§ **SOURCE RECORDS**
((
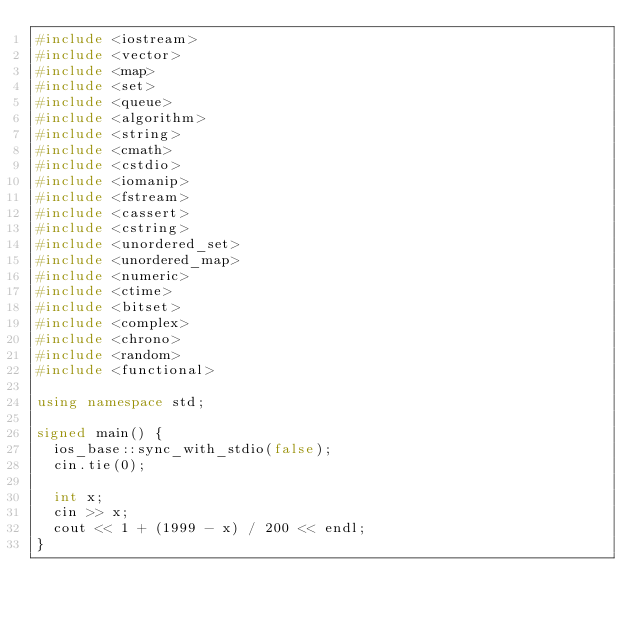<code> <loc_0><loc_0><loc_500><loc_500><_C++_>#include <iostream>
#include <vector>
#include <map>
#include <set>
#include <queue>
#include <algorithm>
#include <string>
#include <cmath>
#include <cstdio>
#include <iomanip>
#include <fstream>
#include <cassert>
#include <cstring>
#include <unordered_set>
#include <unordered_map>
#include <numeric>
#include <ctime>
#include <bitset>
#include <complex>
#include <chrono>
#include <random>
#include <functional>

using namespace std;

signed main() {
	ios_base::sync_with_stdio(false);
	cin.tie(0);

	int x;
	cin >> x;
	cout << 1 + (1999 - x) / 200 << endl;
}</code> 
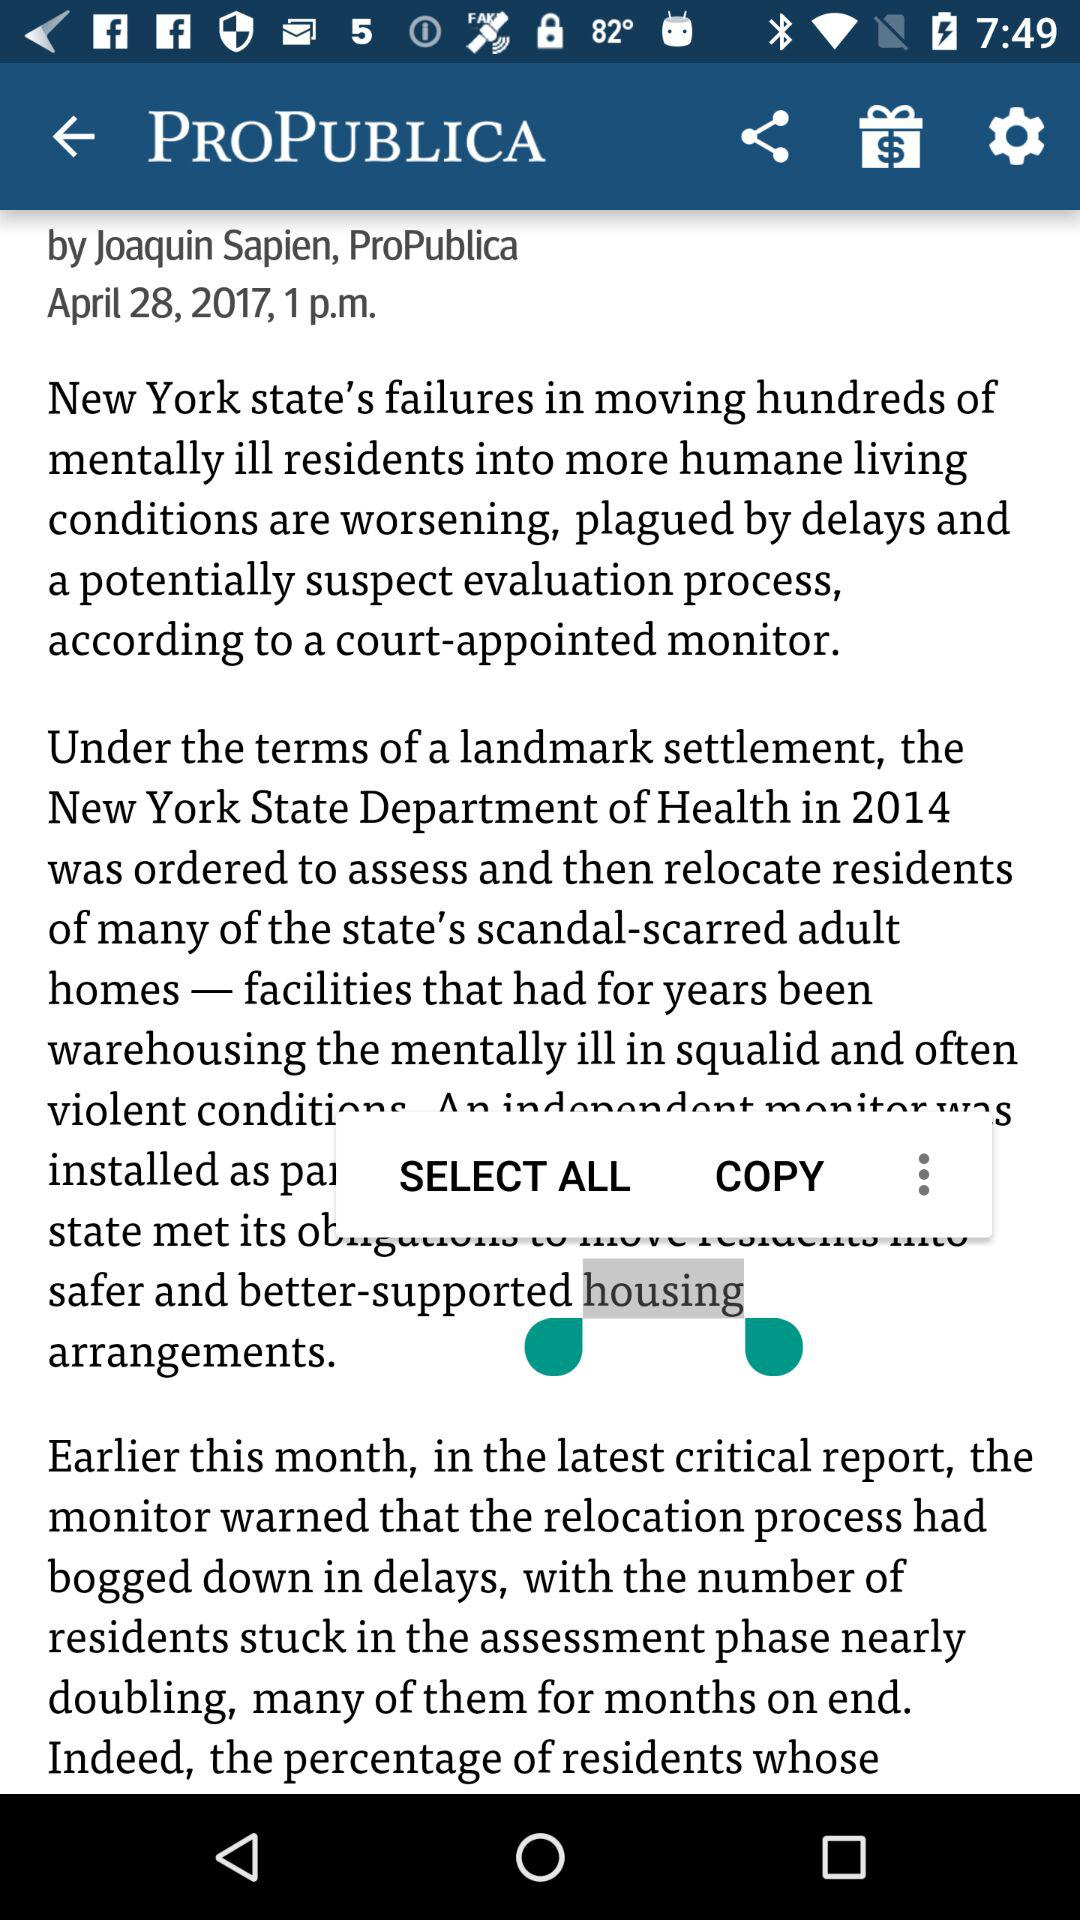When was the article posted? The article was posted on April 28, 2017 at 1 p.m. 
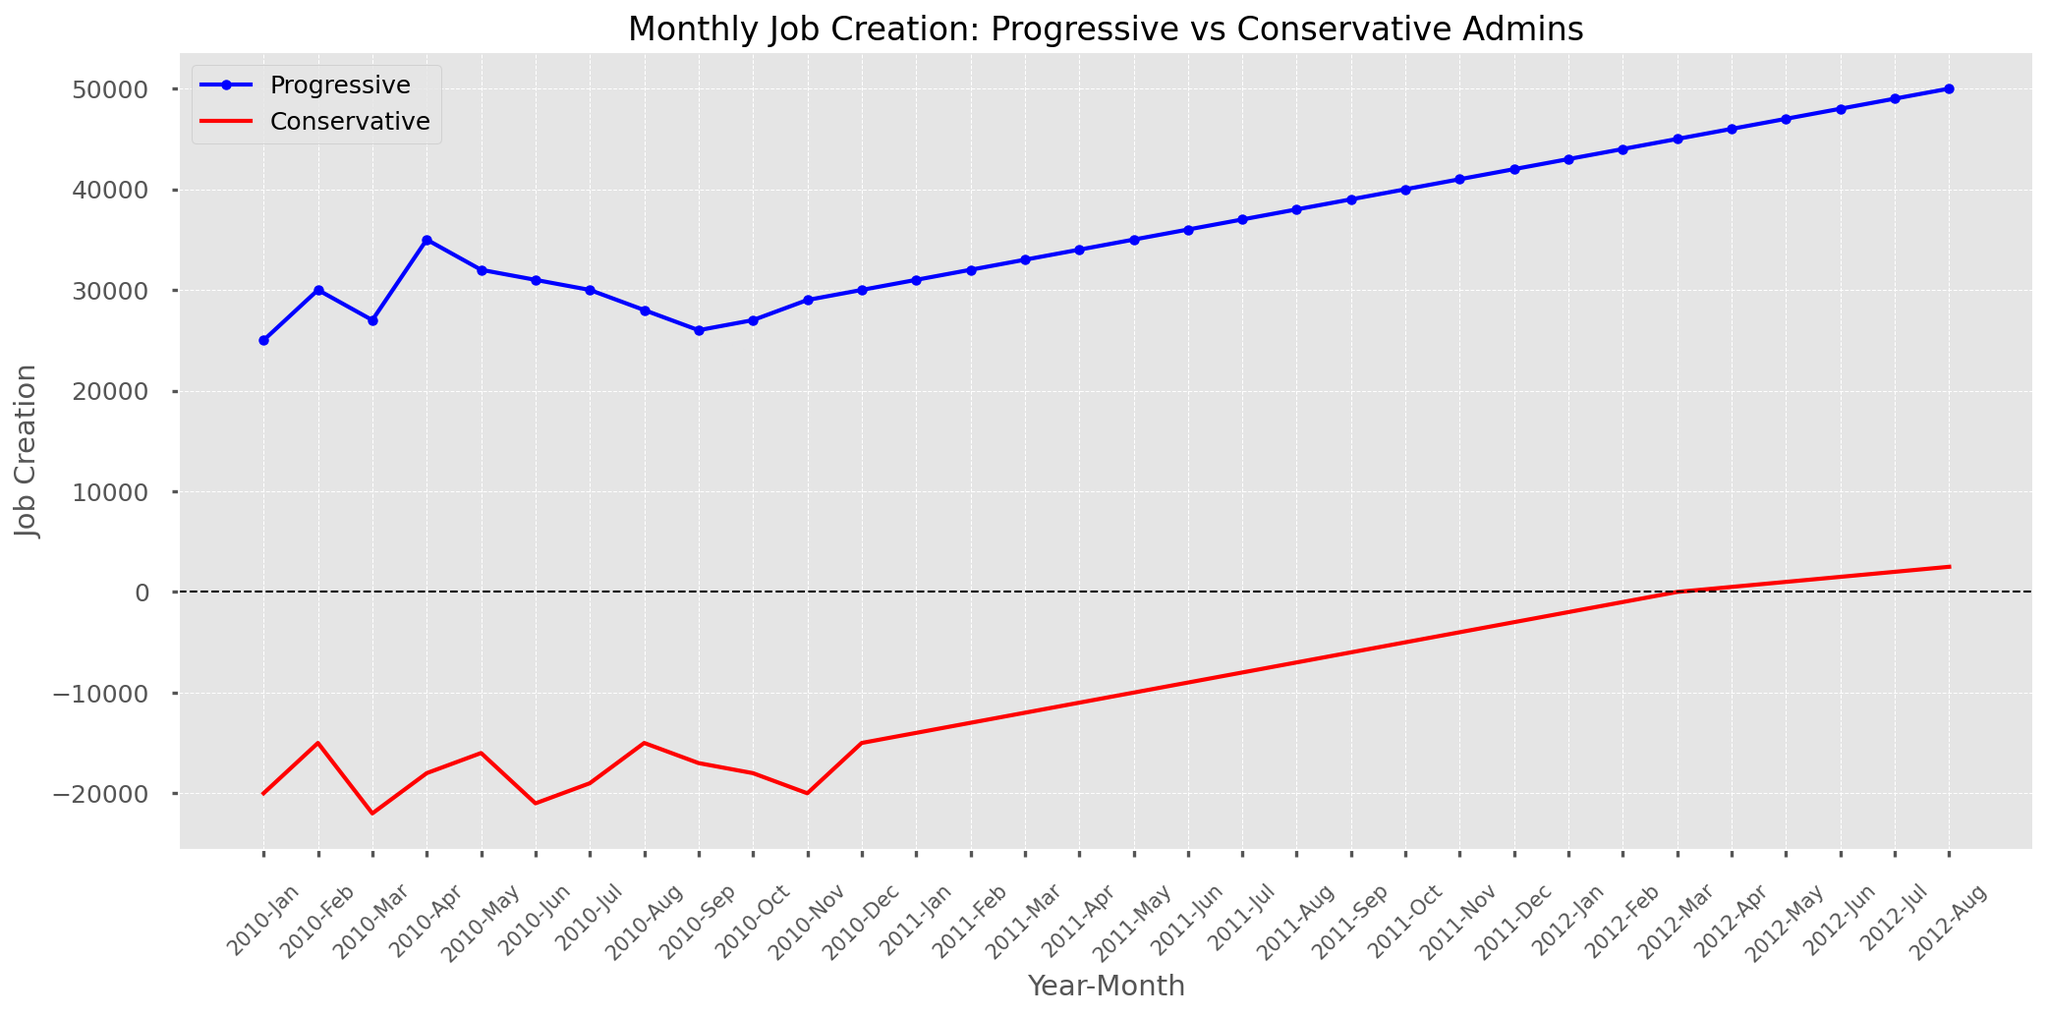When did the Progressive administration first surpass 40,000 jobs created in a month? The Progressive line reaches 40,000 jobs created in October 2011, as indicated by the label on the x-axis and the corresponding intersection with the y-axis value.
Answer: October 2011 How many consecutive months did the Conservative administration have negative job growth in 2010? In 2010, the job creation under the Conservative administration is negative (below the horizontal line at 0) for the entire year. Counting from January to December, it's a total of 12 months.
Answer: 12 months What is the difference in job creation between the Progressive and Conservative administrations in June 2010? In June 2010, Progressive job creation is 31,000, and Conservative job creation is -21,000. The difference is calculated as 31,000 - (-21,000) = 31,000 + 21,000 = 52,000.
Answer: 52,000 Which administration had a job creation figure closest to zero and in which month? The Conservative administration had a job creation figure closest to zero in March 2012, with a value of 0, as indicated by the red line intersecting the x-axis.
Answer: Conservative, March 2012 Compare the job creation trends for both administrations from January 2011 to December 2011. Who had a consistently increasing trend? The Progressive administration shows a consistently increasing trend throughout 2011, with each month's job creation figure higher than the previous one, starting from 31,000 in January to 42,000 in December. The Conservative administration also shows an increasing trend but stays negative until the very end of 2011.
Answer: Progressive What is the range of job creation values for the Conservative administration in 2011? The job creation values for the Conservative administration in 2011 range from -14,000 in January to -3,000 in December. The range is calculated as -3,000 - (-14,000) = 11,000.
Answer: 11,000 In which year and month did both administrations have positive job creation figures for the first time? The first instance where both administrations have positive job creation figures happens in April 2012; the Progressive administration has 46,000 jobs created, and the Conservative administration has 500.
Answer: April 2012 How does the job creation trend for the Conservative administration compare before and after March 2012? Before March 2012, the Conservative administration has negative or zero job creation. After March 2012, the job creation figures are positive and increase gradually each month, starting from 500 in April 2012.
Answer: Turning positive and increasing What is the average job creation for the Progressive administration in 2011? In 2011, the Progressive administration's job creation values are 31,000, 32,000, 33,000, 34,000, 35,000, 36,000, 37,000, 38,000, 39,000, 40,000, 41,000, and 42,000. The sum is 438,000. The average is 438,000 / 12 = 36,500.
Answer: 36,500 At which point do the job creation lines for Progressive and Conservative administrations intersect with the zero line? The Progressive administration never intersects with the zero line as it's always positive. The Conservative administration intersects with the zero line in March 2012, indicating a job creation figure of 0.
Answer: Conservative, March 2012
))
§ **EXERCISE INSTRUCTIONS**
Show, from the entries above, every line that includes the string "both".

§ **RESULT OF THIS TASK**
Answer: Conservative, March 2012 Compare the job creation trends for both administrations from January 2011 to December 2011. Who had a consistently increasing trend? The Progressive administration shows a consistently increasing trend throughout 2011, with each month's job creation figure higher than the previous one, starting from 31,000 in January to 42,000 in December. The Conservative administration also shows an increasing trend but stays negative until the very end of 2011.
Answer: 11,000 In which year and month did both administrations have positive job creation figures for the first time? The first instance where both administrations have positive job creation figures happens in April 2012; the Progressive administration has 46,000 jobs created, and the Conservative administration has 500.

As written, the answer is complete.